══ Material to process

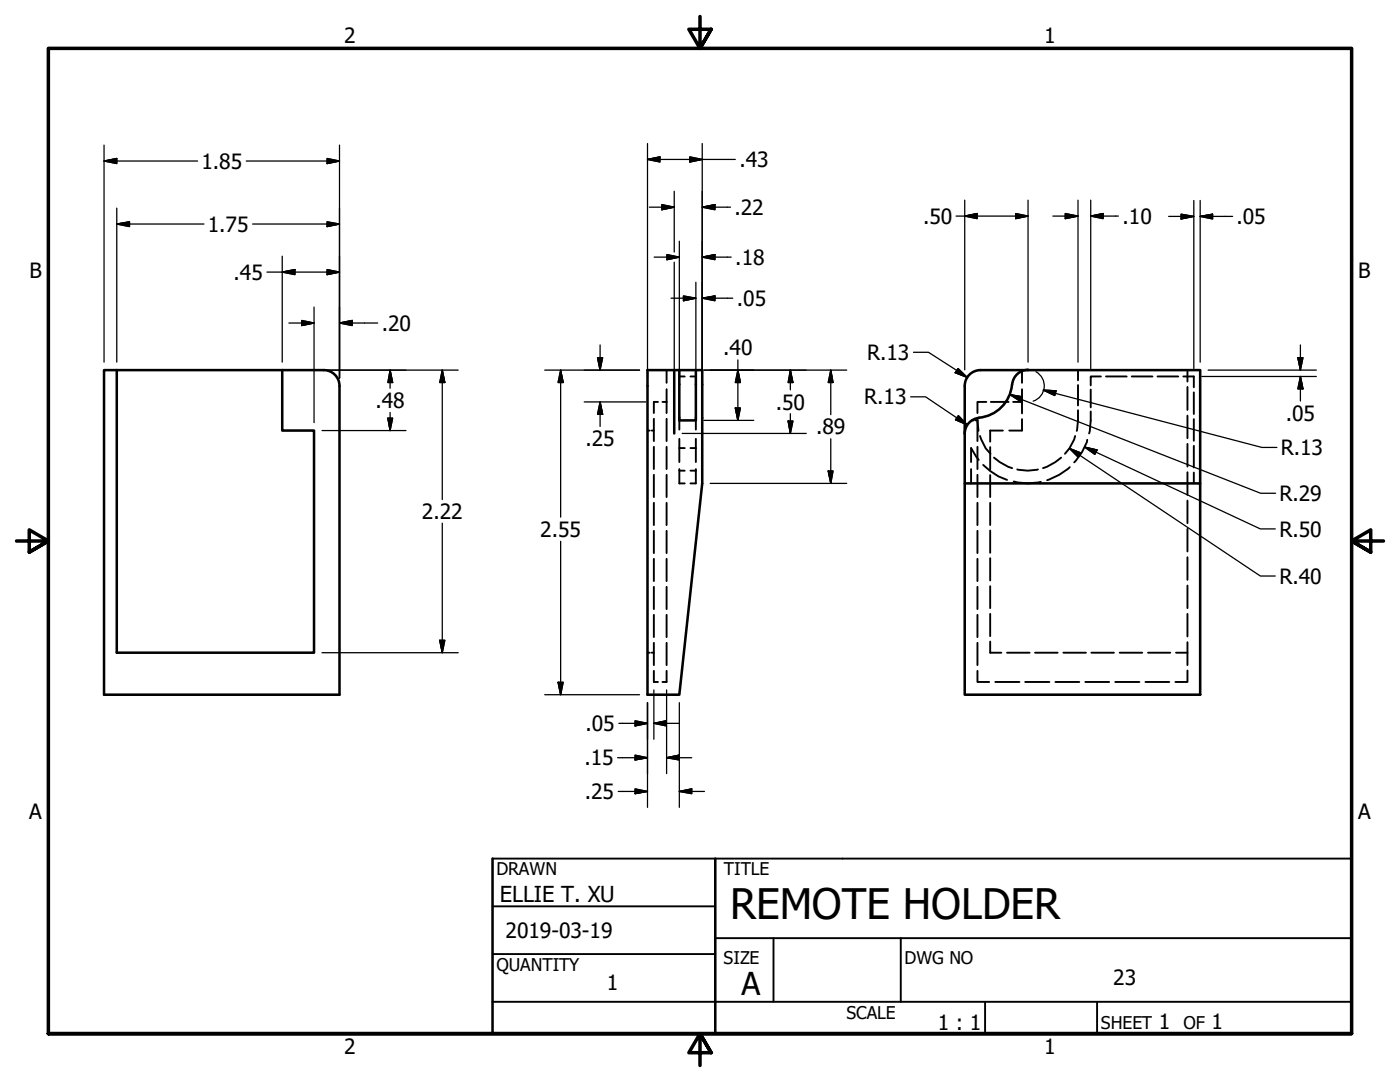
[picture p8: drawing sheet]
<svg xmlns="http://www.w3.org/2000/svg" width="279mm" height="216mm" viewBox="0 0 279 216" stroke-linecap="round" stroke-linejoin="round" font-family="sans-serif">
<defs><g id="words">
<text font-size="8.4" x="145.7" y="183.5">REMOTE HOLDER</text>
<text font-size="6.3" x="148" y="198.6">A</text>
<text font-size="4.4" x="99.8" y="180">ELLIE T. XU</text>
<g font-size="4.2">
<text x="68.7" y="8.6">2</text>
<text x="208.4" y="8.6">1</text>
<text x="40.2" y="33.7">1.85</text>
<text x="147.6" y="33.3">.43</text>
<text x="41.5" y="46.2">1.75</text>
<text x="146.6" y="42.9">.22</text>
<text x="184.2" y="44.6">.50</text>
<text x="224" y="44.6">.10</text>
<text x="246.8" y="44.7">.05</text>
<text x="146.7" y="52.8">.18</text>
<text x="5.9" y="55.5">B</text>
<text x="46.6" y="55.8">.45</text>
<text x="271.1" y="55.5">B</text>
<text x="76.2" y="66">.20</text>
<text x="147.1" y="61">.05</text>
<text x="144.3" y="70.9">.40</text>
<text x="173" y="71.8">R.13</text>
<text x="74.9" y="81.4">.48</text>
<text x="154.8" y="81.7">.50</text>
<text x="172.5" y="80.7">R.13</text>
<text x="256.6" y="83.9">.05</text>
<text x="116.8" y="89">.25</text>
<text x="162.9" y="86.7">.89</text>
<text x="255.6" y="90.8">R.13</text>
<text x="255.3" y="99.9">R.29</text>
<text x="84.2" y="103.6">2.22</text>
<text x="107.8" y="107.1">2.55</text>
<text x="255.3" y="107.1">R.50</text>
<text x="255.3" y="116.5">R.40</text>
<text x="116.8" y="145.9">.05</text>
<text x="116.6" y="152.7">.15</text>
<text x="116.7" y="159.4">.25</text>
<text x="5.8" y="163.4">A</text>
<text x="271" y="163.4">A</text>
<text x="100.9" y="187.3">2019-03-19</text>
<text x="121.1" y="197.6">1</text>
<text x="222.2" y="196.5">23</text>
<text x="187.1" y="205.5">1 : 1</text>
<text x="231.3" y="205.4">1</text>
<text x="241.8" y="205.4">1</text>
<text x="68.7" y="210.3">2</text>
<text x="208.4" y="210.3">1</text>
</g>
<g font-size="3.5">
<text x="99.1" y="174.6">DRAWN</text>
<text x="144.5" y="174.6">TITLE</text>
<text x="99.1" y="193.8">QUANTITY</text>
<text x="144.4" y="192.3">SIZE</text>
<text x="180.5" y="192.3">DWG NO</text>
<text x="168.9" y="203.3">SCALE</text>
<text x="219.7" y="205.4">SHEET</text>
<text x="236.2" y="205.4">OF</text>
</g>
</g></defs>
<!-- layer: Visible (ANSI) -->
<path d="M23.3 73.9h-2.5v64.7h47v-61.6M23.3 73.9h33v12h6.4v44.3h-39.4zM56.3 73.9h8.3M64.6 73.9a3.1 3.1 0 0 1 3.2 3.1M134.6 73.9h4.3M135.6 73.9v10h3.3v-10h1.2v22.6l-4.5 42.1h-6.4v-64.7h5.4v12.6M192.5 77v19.5M195.7 73.9a3.1 3.1 0 0 0-3.2 3.1M195.7 73.9h43.8v22.6M202 76.8a7.3 7.3 0 0 1-6.6 6.5 3.2 3.2 0 0 0-2.9 3.2M205.2 73.8a3.2 3.2 0 0 0-3.2 2.9M192.5 96.5h47v42.1h-47z" fill="none" stroke="#000" stroke-width=".51"/>
<!-- layer: Hidden (ANSI) -->
<g fill="none" stroke="#000" stroke-width=".38">
<path d="M133 73.9v2.5M133 77.7v4.7M135.6 75.1h1.1M137.8 75.1h1.1M204 73.9v2.5M204 77.7v2.5M215.1 73.9v2M215.1 76.8v4.1M217.7 77.7v3.6M219.7 75.1h-2v1.8M220.7 75.1h4.2M225.9 75.1h4.1"/>
<path d="M231 75.1h4.1M236.2 75.1h2.1v2.2M237 73.9v2.2M237 77.2v4.6M238.3 78.3v4.3M129.2 85.9h.5M130 85.9h.5M130.5 83.6v4.4M130.5 89.2v4.4M130.5 94.7v4.5M131.3 80.2h-.8v2.2M132.2 80.2h.8"/>
<path d="M133 83.6v4.4M133 89.2v4.4M133 94.7v4.5M135.6 93.6v2.9h1.1M135.6 83.9v1.8M135.6 87.6v4.6M135.6 89.4h1.1M135.6 93.9h1.1M137.8 89.4h1.1M137.8 93.9h1.1M138.9 93.6v2.9h-1.1M138.9 83.9v1.8"/>
<path d="M138.9 87.6v4.6M193.8 93.6v2.9M193.9 83.9h.4M194.7 83.9h.4l.2 2.1M195.1 83.6v4.4M195.1 89.2v4.4M195.1 94.7v4.5M195.3 91.8l-1.5-2.4v2.8M195.6 87l1.1 2.5 1 1.1M196.2 92.8l1.4 1.2 1.7 1.1 1.7 .7M196.8 80.2h-1.7v2.2M197.6 89.2v4.5"/>
<path d="M197.6 94.8v4.4M197.7 80.2h3.6M198.4 91.3l1.1 .9 1.7 1 .8 .2M200.2 85.9h-2.6v2.2M202.2 80.2h1.8v2.3M202.3 96.1a10.6 10.6 0 0 0 5.4 0M203 93.7a8.5 8.5 0 0 0 4.1 0M204 83.6v2.3h-2.6M211.8 91.3l-1.2 .9-1.7 1-.7 .2M213.5 93.2a12.6 12.6 0 0 1-4.5 2.6M214.6 87l-.2 .7-1 1.8-.9 1.1M215.1 81.9v2l-.2 2.1"/>
<path d="M217 87.8a10.5 10.5 0 0 1-2.6 4.5M217.7 82.1v1.8l-.3 2.6M237 82.9v4.5M237 88.6v4.5M237 94.2v4.5M237 99.9v4.5M238.3 83.6v4.3M238.3 89v4.3M238.3 94.3v2.2M130.5 100.3v4.5M130.5 105.9v4.5M130.5 111.5v4.5"/>
<path d="M130.5 117.1v4.4M133 100.3v4.5M133 105.9v4.5M133 111.5v4.5M133 117.1v4.4M195.1 100.3v4.5M195.1 105.9v4.5M195.1 111.5v4.5M195.1 117.1v4.4M197.6 100.3v4.5M197.6 105.9v4.4M197.6 111.4v4.4"/>
<path d="M197.6 117v4.3M237 105.5v4.5M237 111.2v4.5M237 116.8v4.5M129.2 130.2h.5M130 130.2h.5M130.5 122.7v4.4M130.5 128.3v4.4M130.5 133.9v2.2h.8M133 122.7v4.4M133 128.3v4.4M133 133.9v2.2h-.8"/>
<path d="M195.1 133.9v2.2h2.3M195.1 122.7v4.4M195.1 128.3v4.4M197.6 128v2.2h2.2M197.6 122.5v4.4M198.6 136.1h4.9M201 130.2h4.5M204.6 136.1h4.8M206.6 130.2h4.5M210.6 136.1h4.8M212.2 130.2h4.5M216.6 136.1h4.8"/>
<path d="M217.8 130.2h4.5M222.6 136.1h4.8M223.5 130.2h4.5M228.6 136.1h4.8M229.1 130.2h4.5M234.7 130.2h2.3M237 133.8v2.3h-2.4M237 122.5v4.5M237 128.1v4.6"/>
</g>
<!-- layer: Border (ANSI) -->
<path d="M139.7 3.3v6.4l-2.2-3.9h4.4l-2.2 3.9 2.2-3.9M3.3 107.9h6.4l-3.9-2.2v4.5l3.9-2.3-3.9 2.3M276.1 107.9h-6.4l3.9-2.2v4.5l-3.9-2.3 3.9 2.3M9.7 206.2v-196.5h260v196.5h-260h260M141.9 210.1l-2.2-3.9 2.2 3.9h-4.4l2.2-3.9v6.4" fill="none" stroke="#000" stroke-width=".7"/>
<!-- layer: Title (ANSI) -->
<path d="M98.3 171.3v34.9h171.4v-34.9M142.7 171.3v34.9" fill="none" stroke="#000" stroke-width=".51"/>
<path d="M98.3 171.3h171.4M98.3 199.9h171.4M98.3 180.8h44.4M98.3 190.4h44.4M142.7 187.2h127M154.4 187.2v12.7M179.8 187.2v12.7M196.6 199.9v6.3M218.9 199.9v6.3" fill="none" stroke="#000" stroke-width=".38"/>
<!-- layer: Dimension (ANSI) -->
<g fill="none" stroke="#000" stroke-width=".25">
<path d="M20.8 32.1l2.5-.5v1zM20.8 32.1h18.6M20.8 29v43.3M49.1 32.1h18.7M65.3 31.6l2.5 .5-2.5 .5zM67.8 29v46.4M129.2 31.8l2.5-.5v1zM129.2 28.6v46.8M129.2 31.8h17.5M134.6 38.2v12.1M137.7 31.3l2.4 .5-2.4 .5zM140.1 28.6v46.5"/>
<path d="M192.5 39.9v33.9M205.2 39.9v32.4M215.1 39.9v32.4M217.7 39.9v33.6M23.3 44.7l2.5-.4v.9zM23.3 44.7h17.4M23.3 41.5v30.8M50.4 44.7h17.4M53.3 54.3h14.5M56.3 54.3l2.6-.5v1zM56.3 51.1v21.2M65.3 44.3l2.5 .4-2.5 .5z"/>
<path d="M65.3 53.8l2.5 .5-2.5 .5zM129.6 41.3h5M130.6 51.3h5M132.1 40.8l2.5 .5-2.5 .5zM133.1 50.8l2.5 .5-2.5 .5zM133.9 59.5h5M134.6 52.3v23.1M135.6 48.1v27M136.4 59.1l2.5 .4-2.5 .5zM138.9 56.3v18.8M140.1 41.3l2.6-.5v1zM140.1 51.3l2.6-.5v1z"/>
<path d="M140.1 59.5l2.6-.4v.9zM140.1 41.3h5.7M140.1 51.3h5.8M140.1 59.5h6.1M190.8 43.1h14.4M192.5 43.1l2.5-.5v1zM202.7 42.6l2.5 .5-2.5 .5zM210.1 43.1h5M212.6 42.6l2.5 .5-2.5 .5zM217.7 43.1l2.5-.5v1zM217.7 43.1h5.5M233.2 43.2h5.1"/>
<path d="M235.7 42.7l2.6 .5-2.6 .5zM238.3 40v33.5M239.5 43.2l2.5-.5v1zM239.5 43.2h6.5M239.5 40v32.3M57.7 64.5h5M57.9 73.9h33.5M60.2 63.9l2.5 .6-2.5 .5zM62.7 61.3v23M67.8 64.5l2.5-.6v1.1zM67.8 64.5h7.6M77.9 73.9l.5 2.4h-1z"/>
<path d="M77.9 73.9v3.6M88.3 73.9l.5 2.4h-1zM88.3 73.9v25.8M108.7 73.9h18.9M111.9 73.9l.5 2.4h-1zM111.9 73.9v29.3M119.3 71.4h1l-.5 2.5zM119.8 68.8v5.1M140.5 73.9h28.5M147.3 73.9l.5 2.4h-1.1zM147.3 71.8v12.1M157.7 73.9l.5 2.4h-.9z"/>
<path d="M157.7 73.9v3.9M165.8 73.9l.4 2.4h-.9zM165.8 73.9v8.8M181.7 79.2h3l8.3 5.6M182.3 70.3h3l7.7 5M191.2 73.5l1.8 1.8-2.4-.9zM201.5 78.7l2.5 .5-.3 .9zM201.5 78.7l50.1 19.7h3M206.7 74.2a3.2 3.2 0 0 1 1.7 3.1 3.2 3.2 0 0 1-2.2 2.7M208.2 77.9l2.6 .1-.3 .9zM208.2 77.9l43.6 11.4h3M239.8 75.1h22.9"/>
<path d="M241.1 73.9h21.6M259 71.4h1l-.5 2.5zM259.5 75.1l.5 2.5h-1zM259.5 68.8v5.1M259.5 75.1v4.9M64.3 85.9h16.7M77.4 83.4h1l-.5 2.5zM77.9 82.3v3.6M116.6 80.2h12.3M119.8 80.2l.5 2.5h-1zM119.8 80.2v4.9M136.1 86.5h24.8"/>
<path d="M140.5 83.9h9.9M141.7 96.5h27.3M146.7 81.4h1.1l-.5 2.5zM157.3 84h.9l-.5 2.5zM157.7 82.5v4M165.3 94h.9l-.4 2.5zM165.8 87.6v8.9M191.3 82.9l1.7 1.9-2.3-1zM213.4 89.5l2.4 .9-.6 .8zM213.4 89.5l38.1 25.4h3M216.5 89.2l2.4 .6-.4 .9zM216.5 89.2l35 16.3h3"/>
<path d="M88.3 104.4v25.8M111.9 108v30.6M64.3 130.2h27.1M87.8 127.8h1l-.5 2.4zM108.7 138.6h18.9M111.4 136.1h1l-.5 2.5zM130.5 137.7v9.8M133 137.7v16.7M123.3 151.2h5.9M123.4 157.9h5.8M123.5 144.3h5.7M126.7 157.4l2.5 .5-2.5 .5z"/>
<path d="M126.7 143.8l2.5 .5-2.5 .5zM126.7 150.7l2.5 .5-2.5 .4zM129.2 140.2v20.9M130.5 144.3l2.5-.5v1zM130.5 144.3h5M133 151.2l2.5-.5v.9zM133 151.2h5M135.6 157.9l2.4-.5v1zM135.6 157.9h5M135.6 140.2v20.9"/>
</g>
<g fill="#000" stroke="#000" stroke-width=".25">
<path d="M20.8 32.1l2.5-.5zM20.8 32.1l2.5-.5v1zM65.3 32.6l2.5-.5zM65.3 31.6l2.5 .5-2.5 .5zM129.2 31.8l2.5-.5zM129.2 31.8l2.5-.5v1zM137.7 32.3l2.4-.5zM137.7 31.3l2.4 .5-2.4 .5zM23.3 44.7l2.5-.4zM23.3 44.7l2.5-.4v.9zM56.3 54.3l2.6-.5zM56.3 54.3l2.6-.5v1z"/>
<path d="M65.3 45.2l2.5-.5zM65.3 44.3l2.5 .4-2.5 .5zM65.3 54.8l2.5-.5zM65.3 53.8l2.5 .5-2.5 .5zM132.1 41.8l2.5-.5zM132.1 40.8l2.5 .5-2.5 .5zM133.1 51.8l2.5-.5zM133.1 50.8l2.5 .5-2.5 .5zM140.1 41.3l2.6-.5zM140.1 41.3l2.6-.5v1zM140.1 51.3l2.6-.5zM140.1 51.3l2.6-.5v1z"/>
<path d="M140.1 59.5l2.6-.4zM140.1 59.5l2.6-.4v.9zM192.5 43.1l2.5-.5zM192.5 43.1l2.5-.5v1zM202.7 43.6l2.5-.5zM202.7 42.6l2.5 .5-2.5 .5zM212.6 43.6l2.5-.5zM212.6 42.6l2.5 .5-2.5 .5zM217.7 43.1l2.5-.5zM217.7 43.1l2.5-.5v1zM235.7 43.7l2.6-.5zM235.7 42.7l2.6 .5-2.6 .5z"/>
<path d="M239.5 43.2l2.5-.5zM239.5 43.2l2.5-.5v1zM60.2 65l2.5-.5zM60.2 63.9l2.5 .6-2.5 .5zM67.8 64.5l2.5-.6zM67.8 64.5l2.5-.6v1.1zM77.9 73.9l.5 2.4zM77.9 73.9l.5 2.4h-1zM88.3 73.9l.5 2.4zM88.3 73.9l.5 2.4h-1zM111.9 73.9l.5 2.4zM111.9 73.9l.5 2.4h-1z"/>
<path d="M119.3 71.4l.5 2.5zM119.3 71.4h1l-.5 2.5zM136.4 60l2.5-.5zM136.4 59.1l2.5 .4-2.5 .5zM147.3 73.9l.5 2.4zM147.3 73.9l.5 2.4h-1.1zM157.7 73.9l.5 2.4zM157.7 73.9l.5 2.4h-.9zM165.8 73.9l.4 2.4zM165.8 73.9l.4 2.4h-.9zM190.6 74.4l2.4 .9zM191.2 73.5l1.8 1.8-2.4-.9z"/>
<path d="M201.5 78.7l2.5 .5zM201.5 78.7l2.5 .5-.3 .9zM208.2 77.9l2.6 .1zM208.2 77.9l2.6 .1-.3 .9zM259 71.4l.5 2.5zM259 71.4h1l-.5 2.5zM259.5 75.1l.5 2.5zM259.5 75.1l.5 2.5h-1zM77.4 83.4l.5 2.5zM77.4 83.4h1l-.5 2.5zM119.8 80.2l.5 2.5zM119.8 80.2l.5 2.5h-1z"/>
<path d="M146.7 81.4l.6 2.5zM146.7 81.4h1.1l-.5 2.5zM157.3 84l.4 2.5zM157.3 84h.9l-.5 2.5zM165.3 94l.5 2.5zM165.3 94h.9l-.4 2.5zM190.7 83.8l2.3 1zM191.3 82.9l1.7 1.9-2.3-1zM213.4 89.5l2.4 .9zM213.4 89.5l2.4 .9-.6 .8zM216.5 89.2l2.4 .6zM216.5 89.2l2.4 .6-.4 .9z"/>
<path d="M87.8 127.8l.5 2.4zM87.8 127.8h1l-.5 2.4zM111.4 136.1l.5 2.5zM111.4 136.1h1l-.5 2.5zM126.7 158.4l2.5-.5zM126.7 157.4l2.5 .5-2.5 .5zM126.7 144.8l2.5-.5zM126.7 143.8l2.5 .5-2.5 .5zM126.7 151.6l2.5-.4zM126.7 150.7l2.5 .5-2.5 .4zM130.5 144.3l2.5-.5zM130.5 144.3l2.5-.5v1z"/>
<path d="M133 151.2l2.5-.5zM133 151.2l2.5-.5v.9zM135.6 157.9l2.4-.5zM135.6 157.9l2.4-.5v1z"/>
</g>
<use href="#words"/>
</svg>

════

Prompt - For the lines above, output exactly those from the line containing "73.9v3.9M165.8 73.9l.4 2.4h-.9zM165.8" through the line containing "32.1l2.5-.5zM20.8 32.1l2.5-.5v1zM65.3 32.6l2.5-.5zM65.3", and skip the others.

Answer box -
<path d="M157.7 73.9v3.9M165.8 73.9l.4 2.4h-.9zM165.8 73.9v8.8M181.7 79.2h3l8.3 5.6M182.3 70.3h3l7.7 5M191.2 73.5l1.8 1.8-2.4-.9zM201.5 78.7l2.5 .5-.3 .9zM201.5 78.7l50.1 19.7h3M206.7 74.2a3.2 3.2 0 0 1 1.7 3.1 3.2 3.2 0 0 1-2.2 2.7M208.2 77.9l2.6 .1-.3 .9zM208.2 77.9l43.6 11.4h3M239.8 75.1h22.9"/>
<path d="M241.1 73.9h21.6M259 71.4h1l-.5 2.5zM259.5 75.1l.5 2.5h-1zM259.5 68.8v5.1M259.5 75.1v4.9M64.3 85.9h16.7M77.4 83.4h1l-.5 2.5zM77.9 82.3v3.6M116.6 80.2h12.3M119.8 80.2l.5 2.5h-1zM119.8 80.2v4.9M136.1 86.5h24.8"/>
<path d="M140.5 83.9h9.9M141.7 96.5h27.3M146.7 81.4h1.1l-.5 2.5zM157.3 84h.9l-.5 2.5zM157.7 82.5v4M165.3 94h.9l-.4 2.5zM165.8 87.6v8.9M191.3 82.9l1.7 1.9-2.3-1zM213.4 89.5l2.4 .9-.6 .8zM213.4 89.5l38.1 25.4h3M216.5 89.2l2.4 .6-.4 .9zM216.5 89.2l35 16.3h3"/>
<path d="M88.3 104.4v25.8M111.9 108v30.6M64.3 130.2h27.1M87.8 127.8h1l-.5 2.4zM108.7 138.6h18.9M111.4 136.1h1l-.5 2.5zM130.5 137.7v9.8M133 137.7v16.7M123.3 151.2h5.9M123.4 157.9h5.8M123.5 144.3h5.7M126.7 157.4l2.5 .5-2.5 .5z"/>
<path d="M126.7 143.8l2.5 .5-2.5 .5zM126.7 150.7l2.5 .5-2.5 .4zM129.2 140.2v20.9M130.5 144.3l2.5-.5v1zM130.5 144.3h5M133 151.2l2.5-.5v.9zM133 151.2h5M135.6 157.9l2.4-.5v1zM135.6 157.9h5M135.6 140.2v20.9"/>
</g>
<g fill="#000" stroke="#000" stroke-width=".25">
<path d="M20.8 32.1l2.5-.5zM20.8 32.1l2.5-.5v1zM65.3 32.6l2.5-.5zM65.3 31.6l2.5 .5-2.5 .5zM129.2 31.8l2.5-.5zM129.2 31.8l2.5-.5v1zM137.7 32.3l2.4-.5zM137.7 31.3l2.4 .5-2.4 .5zM23.3 44.7l2.5-.4zM23.3 44.7l2.5-.4v.9zM56.3 54.3l2.6-.5zM56.3 54.3l2.6-.5v1z"/>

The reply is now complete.